Research

Recent evidence has shown that thinking skills programmes such as Instrumental Enrichment have benefits for primary and secondary school pupils (lower-achieving typically developing children as well as those with learning difficulties) in terms of improving their cognitive abilities and educational attainment. However, the benefits of IE have not been evaluated within the UK primary educational system or with children with Down's Syndrome.

 
 

Current Study - 2018

Our current study started in May 2018, in collaboration with Reading and Kingston Universities, and is researching the effect of using Mediated Learning to develop the cognition of children aged 5 -11 years with Down’s Syndrome. Results will be posted here when they are published.


Our Pilot Study - 2016

The aim of our first pilot study was to raise awareness and generate evidence to demonstrate the outcomes, effectiveness and benefits of the Feuerstein’s Mediated Learning and Instrumental Enrichment programmes in primary schools and with children with Down's Syndrome.

From April to July 2016, Breakthrough Learning carried out a short-term Pilot Study for six children with Down's Syndrome aged between 4 years 6 months and 7 years 4 months.  They came from 5 different mainstream primary schools in West Berkshire and Hampshire.  Two hours of individual intervention was delivered per week per child for six weeks.

Reading University and Kingston University carried out the evaluation of the effectiveness of the programme on pupils’ cognitive development and educational attainment and organised the pre- and post-testing of the children. 

Breakthrough Learning also worked with teachers who are trained in Feuerstein's Instrumental enrichment to enable them to carry out a their own pilot study with typically developing children.

Two schools took part in the pilot study for typically developing children.
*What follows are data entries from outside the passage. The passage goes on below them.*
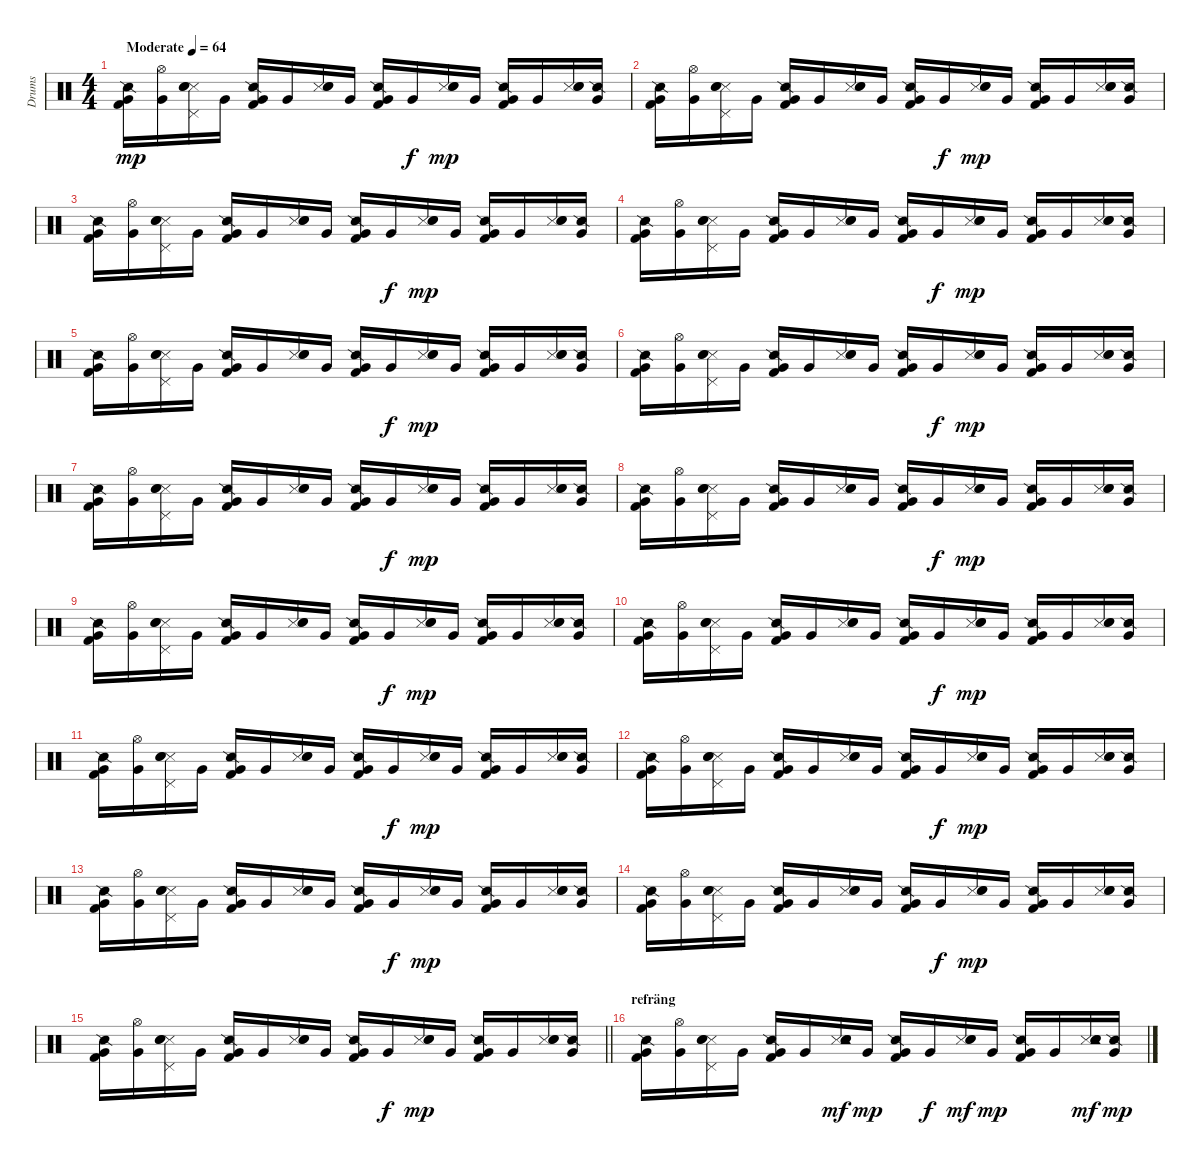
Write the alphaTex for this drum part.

\track ("Drums" "Drums") {instrument percussion}
\staff {score}
\articulation defaults
\ts (4 4)
\tempo (64 "Moderate")
\clef neutral
\ks c
("Snare (side stick) 2" "Very Low Tom (hit)" "Kick (hit) 2").16{dy mp} ("Hi-Hat (open)" "Very Low Tom (hit)").16 ("Metronome (hit)" "Snare (hit) 2" "Hand Clap (hit)" "Pedal Hi-Hat (hit)").16 "Very Low Tom (hit)".16 ("Snare (side stick) 2" "Very Low Tom (hit)" "Kick (hit) 2").16 "Very Low Tom (hit)".16 ("Metronome (hit)" "Hand Clap (hit)" "Snare (hit) 2").16 "Very Low Tom (hit)".16 ("Snare (side stick) 2" "Very Low Tom (hit)" "Kick (hit) 2").16 "Very Low Tom (hit)".16{dy f} ("Metronome (hit)" "Hand Clap (hit)" "Snare (hit) 2").16{dy mp} "Very Low Tom (hit)".16 ("Snare (side stick) 2" "Very Low Tom (hit)" "Kick (hit) 2").16 "Very Low Tom (hit)".16 ("Metronome (hit)" "Hand Clap (hit)" "Snare (hit) 2").16 ("Snare (side stick) 2" "Very Low Tom (hit)").16 |
("Snare (side stick) 2" "Very Low Tom (hit)" "Kick (hit) 2").16 ("Hi-Hat (open)" "Very Low Tom (hit)").16 ("Metronome (hit)" "Snare (hit) 2" "Hand Clap (hit)" "Pedal Hi-Hat (hit)").16 "Very Low Tom (hit)".16 ("Snare (side stick) 2" "Very Low Tom (hit)" "Kick (hit) 2").16 "Very Low Tom (hit)".16 ("Metronome (hit)" "Hand Clap (hit)" "Snare (hit) 2").16 "Very Low Tom (hit)".16 ("Snare (side stick) 2" "Very Low Tom (hit)" "Kick (hit) 2").16 "Very Low Tom (hit)".16{dy f} ("Metronome (hit)" "Hand Clap (hit)" "Snare (hit) 2").16{dy mp} "Very Low Tom (hit)".16 ("Snare (side stick) 2" "Very Low Tom (hit)" "Kick (hit) 2").16 "Very Low Tom (hit)".16 ("Metronome (hit)" "Hand Clap (hit)" "Snare (hit) 2").16 ("Snare (side stick) 2" "Very Low Tom (hit)").16 |
("Snare (side stick) 2" "Very Low Tom (hit)" "Kick (hit) 2").16 ("Hi-Hat (open)" "Very Low Tom (hit)").16 ("Metronome (hit)" "Snare (hit) 2" "Hand Clap (hit)" "Pedal Hi-Hat (hit)").16 "Very Low Tom (hit)".16 ("Snare (side stick) 2" "Very Low Tom (hit)" "Kick (hit) 2").16 "Very Low Tom (hit)".16 ("Metronome (hit)" "Hand Clap (hit)" "Snare (hit) 2").16 "Very Low Tom (hit)".16 ("Snare (side stick) 2" "Very Low Tom (hit)" "Kick (hit) 2").16 "Very Low Tom (hit)".16{dy f} ("Metronome (hit)" "Hand Clap (hit)" "Snare (hit) 2").16{dy mp} "Very Low Tom (hit)".16 ("Snare (side stick) 2" "Very Low Tom (hit)" "Kick (hit) 2").16 "Very Low Tom (hit)".16 ("Metronome (hit)" "Hand Clap (hit)" "Snare (hit) 2").16 ("Snare (side stick) 2" "Very Low Tom (hit)").16 |
("Snare (side stick) 2" "Very Low Tom (hit)" "Kick (hit) 2").16 ("Hi-Hat (open)" "Very Low Tom (hit)").16 ("Metronome (hit)" "Snare (hit) 2" "Hand Clap (hit)" "Pedal Hi-Hat (hit)").16 "Very Low Tom (hit)".16 ("Snare (side stick) 2" "Very Low Tom (hit)" "Kick (hit) 2").16 "Very Low Tom (hit)".16 ("Metronome (hit)" "Hand Clap (hit)" "Snare (hit) 2").16 "Very Low Tom (hit)".16 ("Snare (side stick) 2" "Very Low Tom (hit)" "Kick (hit) 2").16 "Very Low Tom (hit)".16{dy f} ("Metronome (hit)" "Hand Clap (hit)" "Snare (hit) 2").16{dy mp} "Very Low Tom (hit)".16 ("Snare (side stick) 2" "Very Low Tom (hit)" "Kick (hit) 2").16 "Very Low Tom (hit)".16 ("Metronome (hit)" "Hand Clap (hit)" "Snare (hit) 2").16 ("Snare (side stick) 2" "Very Low Tom (hit)").16 |
("Snare (side stick) 2" "Very Low Tom (hit)" "Kick (hit) 2").16 ("Hi-Hat (open)" "Very Low Tom (hit)").16 ("Metronome (hit)" "Snare (hit) 2" "Hand Clap (hit)" "Pedal Hi-Hat (hit)").16 "Very Low Tom (hit)".16 ("Snare (side stick) 2" "Very Low Tom (hit)" "Kick (hit) 2").16 "Very Low Tom (hit)".16 ("Metronome (hit)" "Hand Clap (hit)" "Snare (hit) 2").16 "Very Low Tom (hit)".16 ("Snare (side stick) 2" "Very Low Tom (hit)" "Kick (hit) 2").16 "Very Low Tom (hit)".16{dy f} ("Metronome (hit)" "Hand Clap (hit)" "Snare (hit) 2").16{dy mp} "Very Low Tom (hit)".16 ("Snare (side stick) 2" "Very Low Tom (hit)" "Kick (hit) 2").16 "Very Low Tom (hit)".16 ("Metronome (hit)" "Hand Clap (hit)" "Snare (hit) 2").16 ("Snare (side stick) 2" "Very Low Tom (hit)").16 |
("Snare (side stick) 2" "Very Low Tom (hit)" "Kick (hit) 2").16 ("Hi-Hat (open)" "Very Low Tom (hit)").16 ("Metronome (hit)" "Snare (hit) 2" "Hand Clap (hit)" "Pedal Hi-Hat (hit)").16 "Very Low Tom (hit)".16 ("Snare (side stick) 2" "Very Low Tom (hit)" "Kick (hit) 2").16 "Very Low Tom (hit)".16 ("Metronome (hit)" "Hand Clap (hit)" "Snare (hit) 2").16 "Very Low Tom (hit)".16 ("Snare (side stick) 2" "Very Low Tom (hit)" "Kick (hit) 2").16 "Very Low Tom (hit)".16{dy f} ("Metronome (hit)" "Hand Clap (hit)" "Snare (hit) 2").16{dy mp} "Very Low Tom (hit)".16 ("Snare (side stick) 2" "Very Low Tom (hit)" "Kick (hit) 2").16 "Very Low Tom (hit)".16 ("Metronome (hit)" "Hand Clap (hit)" "Snare (hit) 2").16 ("Snare (side stick) 2" "Very Low Tom (hit)").16 |
("Snare (side stick) 2" "Very Low Tom (hit)" "Kick (hit) 2").16 ("Hi-Hat (open)" "Very Low Tom (hit)").16 ("Metronome (hit)" "Snare (hit) 2" "Hand Clap (hit)" "Pedal Hi-Hat (hit)").16 "Very Low Tom (hit)".16 ("Snare (side stick) 2" "Very Low Tom (hit)" "Kick (hit) 2").16 "Very Low Tom (hit)".16 ("Metronome (hit)" "Hand Clap (hit)" "Snare (hit) 2").16 "Very Low Tom (hit)".16 ("Snare (side stick) 2" "Very Low Tom (hit)" "Kick (hit) 2").16 "Very Low Tom (hit)".16{dy f} ("Metronome (hit)" "Hand Clap (hit)" "Snare (hit) 2").16{dy mp} "Very Low Tom (hit)".16 ("Snare (side stick) 2" "Very Low Tom (hit)" "Kick (hit) 2").16 "Very Low Tom (hit)".16 ("Metronome (hit)" "Hand Clap (hit)" "Snare (hit) 2").16 ("Snare (side stick) 2" "Very Low Tom (hit)").16 |
("Snare (side stick) 2" "Very Low Tom (hit)" "Kick (hit) 2").16 ("Hi-Hat (open)" "Very Low Tom (hit)").16 ("Metronome (hit)" "Snare (hit) 2" "Hand Clap (hit)" "Pedal Hi-Hat (hit)").16 "Very Low Tom (hit)".16 ("Snare (side stick) 2" "Very Low Tom (hit)" "Kick (hit) 2").16 "Very Low Tom (hit)".16 ("Metronome (hit)" "Hand Clap (hit)" "Snare (hit) 2").16 "Very Low Tom (hit)".16 ("Snare (side stick) 2" "Very Low Tom (hit)" "Kick (hit) 2").16 "Very Low Tom (hit)".16{dy f} ("Metronome (hit)" "Hand Clap (hit)" "Snare (hit) 2").16{dy mp} "Very Low Tom (hit)".16 ("Snare (side stick) 2" "Very Low Tom (hit)" "Kick (hit) 2").16 "Very Low Tom (hit)".16 ("Metronome (hit)" "Hand Clap (hit)" "Snare (hit) 2").16 ("Snare (side stick) 2" "Very Low Tom (hit)").16 |
("Snare (side stick) 2" "Very Low Tom (hit)" "Kick (hit) 2").16 ("Hi-Hat (open)" "Very Low Tom (hit)").16 ("Metronome (hit)" "Snare (hit) 2" "Hand Clap (hit)" "Pedal Hi-Hat (hit)").16 "Very Low Tom (hit)".16 ("Snare (side stick) 2" "Very Low Tom (hit)" "Kick (hit) 2").16 "Very Low Tom (hit)".16 ("Metronome (hit)" "Hand Clap (hit)" "Snare (hit) 2").16 "Very Low Tom (hit)".16 ("Snare (side stick) 2" "Very Low Tom (hit)" "Kick (hit) 2").16 "Very Low Tom (hit)".16{dy f} ("Metronome (hit)" "Hand Clap (hit)" "Snare (hit) 2").16{dy mp} "Very Low Tom (hit)".16 ("Snare (side stick) 2" "Very Low Tom (hit)" "Kick (hit) 2").16 "Very Low Tom (hit)".16 ("Metronome (hit)" "Hand Clap (hit)" "Snare (hit) 2").16 ("Snare (side stick) 2" "Very Low Tom (hit)").16 |
("Snare (side stick) 2" "Very Low Tom (hit)" "Kick (hit) 2").16 ("Hi-Hat (open)" "Very Low Tom (hit)").16 ("Metronome (hit)" "Snare (hit) 2" "Hand Clap (hit)" "Pedal Hi-Hat (hit)").16 "Very Low Tom (hit)".16 ("Snare (side stick) 2" "Very Low Tom (hit)" "Kick (hit) 2").16 "Very Low Tom (hit)".16 ("Metronome (hit)" "Hand Clap (hit)" "Snare (hit) 2").16 "Very Low Tom (hit)".16 ("Snare (side stick) 2" "Very Low Tom (hit)" "Kick (hit) 2").16 "Very Low Tom (hit)".16{dy f} ("Metronome (hit)" "Hand Clap (hit)" "Snare (hit) 2").16{dy mp} "Very Low Tom (hit)".16 ("Snare (side stick) 2" "Very Low Tom (hit)" "Kick (hit) 2").16 "Very Low Tom (hit)".16 ("Metronome (hit)" "Hand Clap (hit)" "Snare (hit) 2").16 ("Snare (side stick) 2" "Very Low Tom (hit)").16 |
("Snare (side stick) 2" "Very Low Tom (hit)" "Kick (hit) 2").16 ("Hi-Hat (open)" "Very Low Tom (hit)").16 ("Metronome (hit)" "Snare (hit) 2" "Hand Clap (hit)" "Pedal Hi-Hat (hit)").16 "Very Low Tom (hit)".16 ("Snare (side stick) 2" "Very Low Tom (hit)" "Kick (hit) 2").16 "Very Low Tom (hit)".16 ("Metronome (hit)" "Hand Clap (hit)" "Snare (hit) 2").16 "Very Low Tom (hit)".16 ("Snare (side stick) 2" "Very Low Tom (hit)" "Kick (hit) 2").16 "Very Low Tom (hit)".16{dy f} ("Metronome (hit)" "Hand Clap (hit)" "Snare (hit) 2").16{dy mp} "Very Low Tom (hit)".16 ("Snare (side stick) 2" "Very Low Tom (hit)" "Kick (hit) 2").16 "Very Low Tom (hit)".16 ("Metronome (hit)" "Hand Clap (hit)" "Snare (hit) 2").16 ("Snare (side stick) 2" "Very Low Tom (hit)").16 |
("Snare (side stick) 2" "Very Low Tom (hit)" "Kick (hit) 2").16 ("Hi-Hat (open)" "Very Low Tom (hit)").16 ("Metronome (hit)" "Snare (hit) 2" "Hand Clap (hit)" "Pedal Hi-Hat (hit)").16 "Very Low Tom (hit)".16 ("Snare (side stick) 2" "Very Low Tom (hit)" "Kick (hit) 2").16 "Very Low Tom (hit)".16 ("Metronome (hit)" "Hand Clap (hit)" "Snare (hit) 2").16 "Very Low Tom (hit)".16 ("Snare (side stick) 2" "Very Low Tom (hit)" "Kick (hit) 2").16 "Very Low Tom (hit)".16{dy f} ("Metronome (hit)" "Hand Clap (hit)" "Snare (hit) 2").16{dy mp} "Very Low Tom (hit)".16 ("Snare (side stick) 2" "Very Low Tom (hit)" "Kick (hit) 2").16 "Very Low Tom (hit)".16 ("Metronome (hit)" "Hand Clap (hit)" "Snare (hit) 2").16 ("Snare (side stick) 2" "Very Low Tom (hit)").16 |
("Snare (side stick) 2" "Very Low Tom (hit)" "Kick (hit) 2").16 ("Hi-Hat (open)" "Very Low Tom (hit)").16 ("Metronome (hit)" "Snare (hit) 2" "Hand Clap (hit)" "Pedal Hi-Hat (hit)").16 "Very Low Tom (hit)".16 ("Snare (side stick) 2" "Very Low Tom (hit)" "Kick (hit) 2").16 "Very Low Tom (hit)".16 ("Metronome (hit)" "Hand Clap (hit)" "Snare (hit) 2").16 "Very Low Tom (hit)".16 ("Snare (side stick) 2" "Very Low Tom (hit)" "Kick (hit) 2").16 "Very Low Tom (hit)".16{dy f} ("Metronome (hit)" "Hand Clap (hit)" "Snare (hit) 2").16{dy mp} "Very Low Tom (hit)".16 ("Snare (side stick) 2" "Very Low Tom (hit)" "Kick (hit) 2").16 "Very Low Tom (hit)".16 ("Metronome (hit)" "Hand Clap (hit)" "Snare (hit) 2").16 ("Snare (side stick) 2" "Very Low Tom (hit)").16 |
("Snare (side stick) 2" "Very Low Tom (hit)" "Kick (hit) 2").16 ("Hi-Hat (open)" "Very Low Tom (hit)").16 ("Metronome (hit)" "Snare (hit) 2" "Hand Clap (hit)" "Pedal Hi-Hat (hit)").16 "Very Low Tom (hit)".16 ("Snare (side stick) 2" "Very Low Tom (hit)" "Kick (hit) 2").16 "Very Low Tom (hit)".16 ("Metronome (hit)" "Hand Clap (hit)" "Snare (hit) 2").16 "Very Low Tom (hit)".16 ("Snare (side stick) 2" "Very Low Tom (hit)" "Kick (hit) 2").16 "Very Low Tom (hit)".16{dy f} ("Metronome (hit)" "Hand Clap (hit)" "Snare (hit) 2").16{dy mp} "Very Low Tom (hit)".16 ("Snare (side stick) 2" "Very Low Tom (hit)" "Kick (hit) 2").16 "Very Low Tom (hit)".16 ("Metronome (hit)" "Hand Clap (hit)" "Snare (hit) 2").16 ("Snare (side stick) 2" "Very Low Tom (hit)").16 |
\barLineRight lightlight
("Snare (side stick) 2" "Very Low Tom (hit)" "Kick (hit) 2").16 ("Hi-Hat (open)" "Very Low Tom (hit)").16 ("Metronome (hit)" "Snare (hit) 2" "Hand Clap (hit)" "Pedal Hi-Hat (hit)").16 "Very Low Tom (hit)".16 ("Snare (side stick) 2" "Very Low Tom (hit)" "Kick (hit) 2").16 "Very Low Tom (hit)".16 ("Metronome (hit)" "Hand Clap (hit)" "Snare (hit) 2").16 "Very Low Tom (hit)".16 ("Snare (side stick) 2" "Very Low Tom (hit)" "Kick (hit) 2").16 "Very Low Tom (hit)".16{dy f} ("Metronome (hit)" "Hand Clap (hit)" "Snare (hit) 2").16{dy mp} "Very Low Tom (hit)".16 ("Snare (side stick) 2" "Very Low Tom (hit)" "Kick (hit) 2").16 "Very Low Tom (hit)".16 ("Metronome (hit)" "Hand Clap (hit)" "Snare (hit) 2").16 ("Snare (side stick) 2" "Very Low Tom (hit)").16 |
\section ("" "refräng")
("Snare (side stick) 2" "Very Low Tom (hit)" "Kick (hit) 2").16{volume 10} ("Hi-Hat (open)" "Very Low Tom (hit)").16 ("Metronome (hit)" "Snare (hit) 2" "Hand Clap (hit)" "Pedal Hi-Hat (hit)").16 "Very Low Tom (hit)".16 ("Snare (side stick) 2" "Very Low Tom (hit)" "Kick (hit) 2").16 "Very Low Tom (hit)".16 ("Metronome (hit)" "Hand Clap (hit)" "Snare (hit) 2" "Tambourine (hit)").16{dy mf} "Very Low Tom (hit)".16{dy mp} ("Snare (side stick) 2" "Very Low Tom (hit)" "Kick (hit) 2").16 "Very Low Tom (hit)".16{dy f} ("Metronome (hit)" "Hand Clap (hit)" "Snare (hit) 2").16{dy mf} "Very Low Tom (hit)".16{dy mp} ("Snare (side stick) 2" "Very Low Tom (hit)" "Kick (hit) 2").16 "Very Low Tom (hit)".16 ("Metronome (hit)" "Hand Clap (hit)" "Snare (hit) 2" "Tambourine (hit)").16{dy mf} ("Snare (side stick) 2" "Very Low Tom (hit)").16{dy mp}

In each school 4 pupils from year 5 were selected to be part of the pilot intervention. Within each school, 2 of the pupils received the intervention while 2 pupils were waiting controls. The waiting control children received the intervention once the first 2 pupils had finished with their intervention. The intervention lasted 12 weeks

Outcomes

Children with Down's syndrome

This was a very short study but overall, there were marginally higher gains in the intervention group with regard to short-term memory. This is shown by the average increase in raw scores on the Digit Forward task, in which all three children from the intervention group showed improved performance post-intervention, whereas only one child in the control group showed increased performance (without intervention).

Typically developing children

Overall, there were higher gains in the intervention group for school 1 with regard to language comprehension (understanding complex instructions), general non-verbal reasoning abilities, short-term and working memory. This is shown by the average increase in raw scores on the measures used. There were not gains in the intervention group with regard to vocabulary size or self- reported motivation and self-regulation.

Overall, there were higher gains in the intervention group for school 2 with regard to language comprehension (understanding complex instructions), general non-verbal reasoning abilities, short-term and working memory. Also there was more increase in extrinsic motivation (i.e. pupils are more aware of what is expected of them). This is shown by the average increase in raw scores on the measures used (or decrease in the case of external motivation)

There were not gains in the intervention group with regard to vocabulary size or intrinsic motivation. In fact it seems that intrinsic motivation increased only for one child who was in the waiting control group.